### TASK
Every line from the line containing "picture [41, 47, 231, 172]" through the end of the data is to be reproduced exactly, excluding pictures.
━━━━━ PROVIDED RECORDS
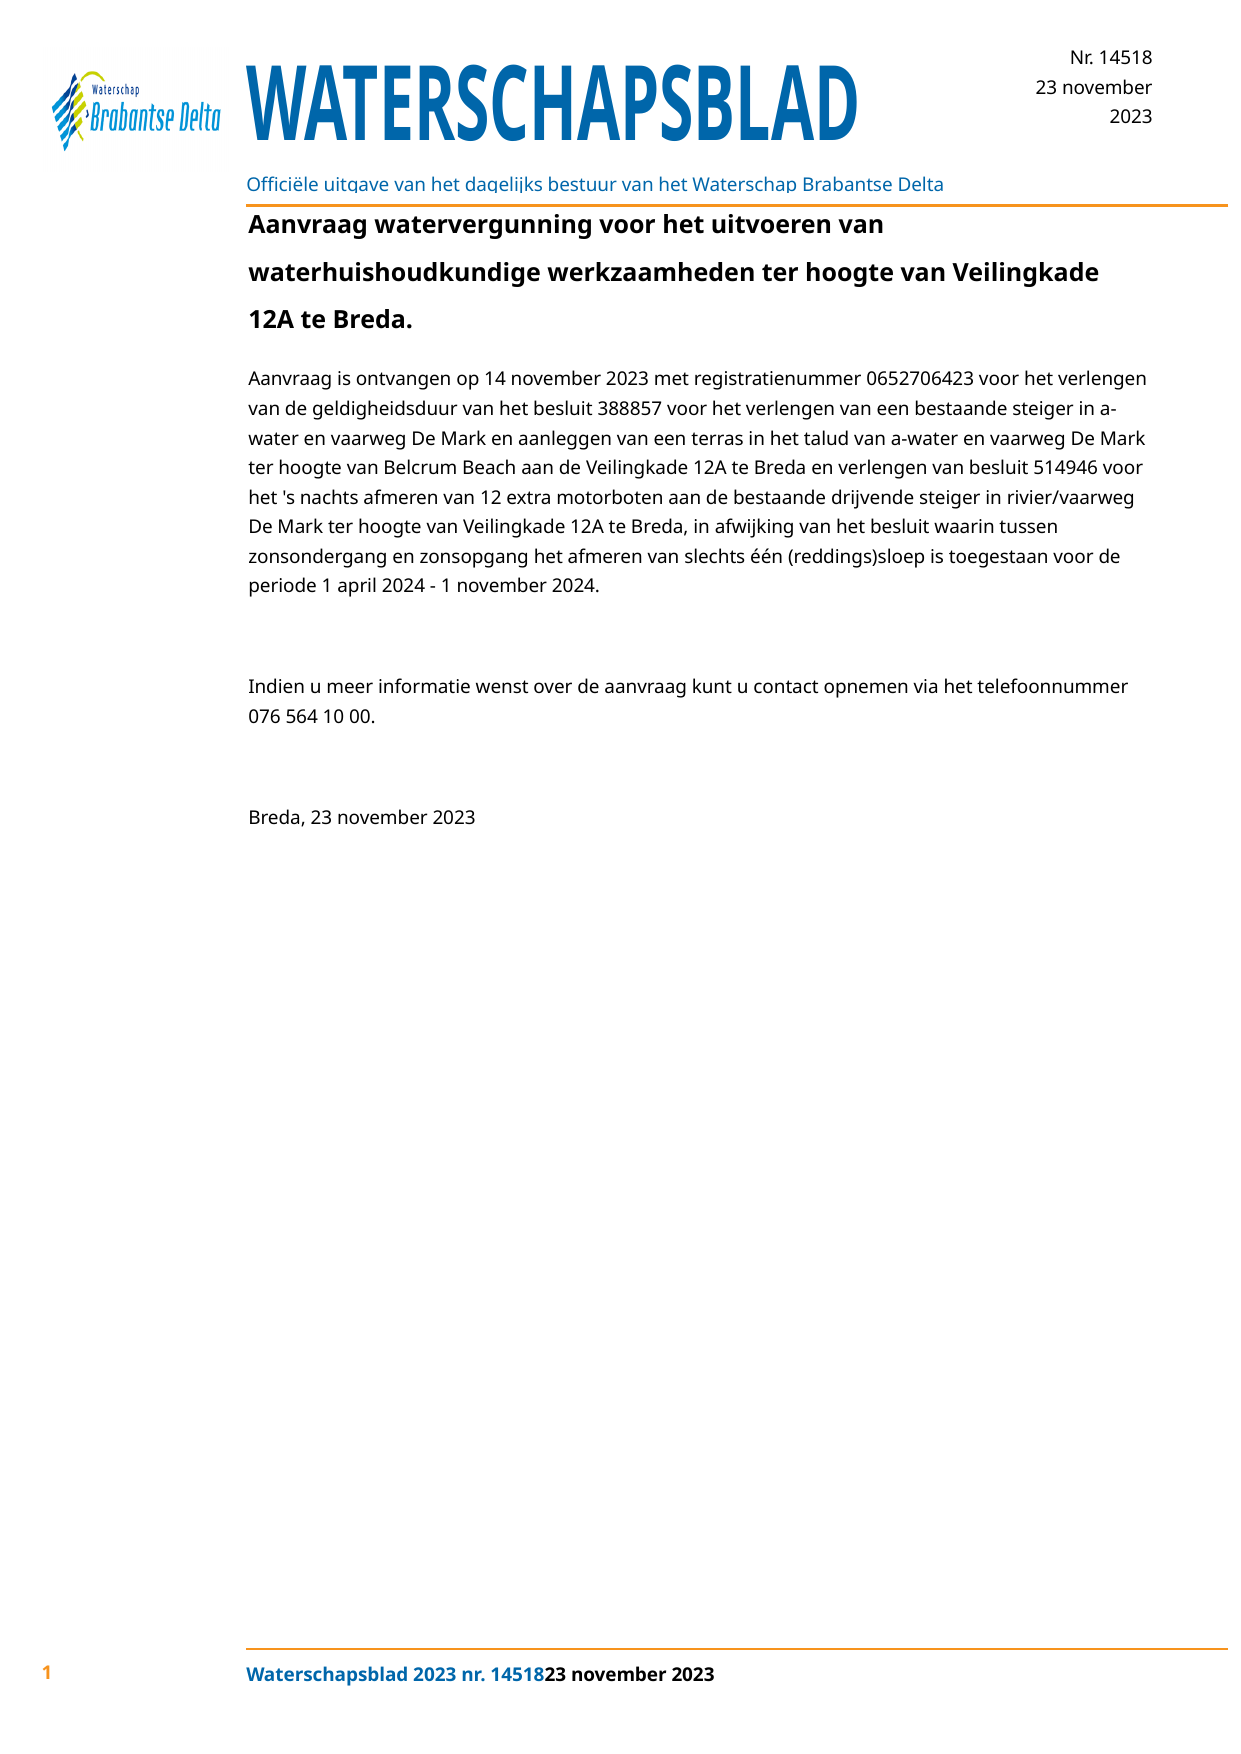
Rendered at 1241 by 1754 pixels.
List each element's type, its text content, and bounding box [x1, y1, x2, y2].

text Breda, 23 november 2023 [248, 804, 1152, 829]
text Indien u meer informatie wenst over de aanvraag kunt u contact opnemen via het telefoonnummer 076 564 10 00. [248, 673, 1152, 729]
text Aanvraag is ontvangen op 14 november 2023 met registratienummer 0652706423 voor het verlengen van de geldigheidsduur van het besluit 388857 voor het verlengen van een bestaande steiger in a-water en vaarweg De Mark en aanleggen van een terras in het talud van a-water en vaarweg De Mark ter hoogte van Belcrum Beach aan de Veilingkade 12A te Breda en verlengen van besluit 514946 voor het 's nachts afmeren van 12 extra motorboten aan de bestaande drijvende steiger in rivier/vaarweg De Mark ter hoogte van Veilingkade 12A te Breda, in afwijking van het besluit waarin tussen zonsondergang en zonsopgang het afmeren van slechts één (reddings)sloep is toegestaan voor de periode 1 april 2024 - 1 november 2024. [248, 366, 1152, 598]
picture [41, 47, 231, 172]
text Aanvraag watervergunning voor het uitvoeren van waterhuishoudkundige werkzaamheden ter hoogte van Veilingkade 12A te Breda. [248, 207, 1152, 336]
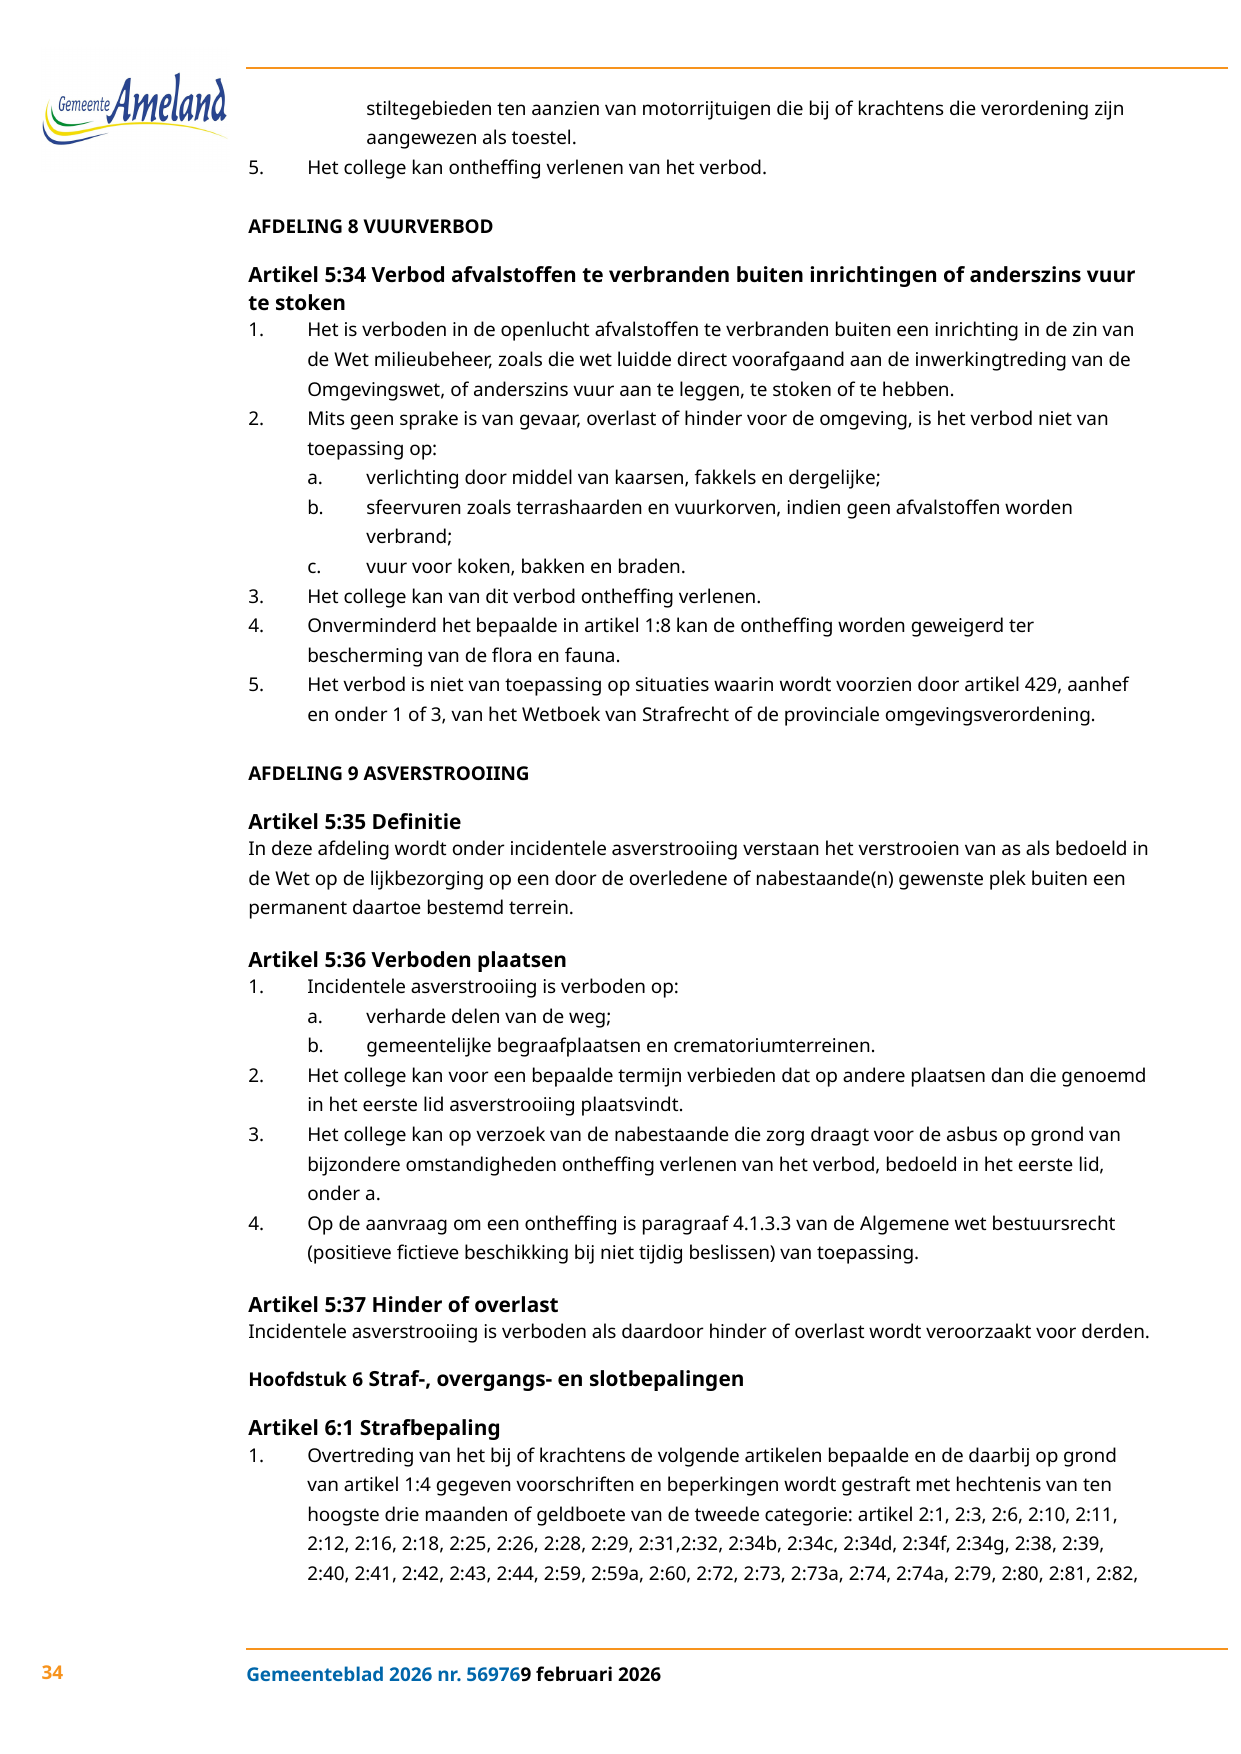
━━━━━━━━━━
### EXERCISE ANSWER
picture [41, 47, 231, 172]
text Aanvraag watervergunning voor het uitvoeren van waterhuishoudkundige werkzaamheden ter hoogte van Veilingkade 12A te Breda. [248, 207, 1152, 336]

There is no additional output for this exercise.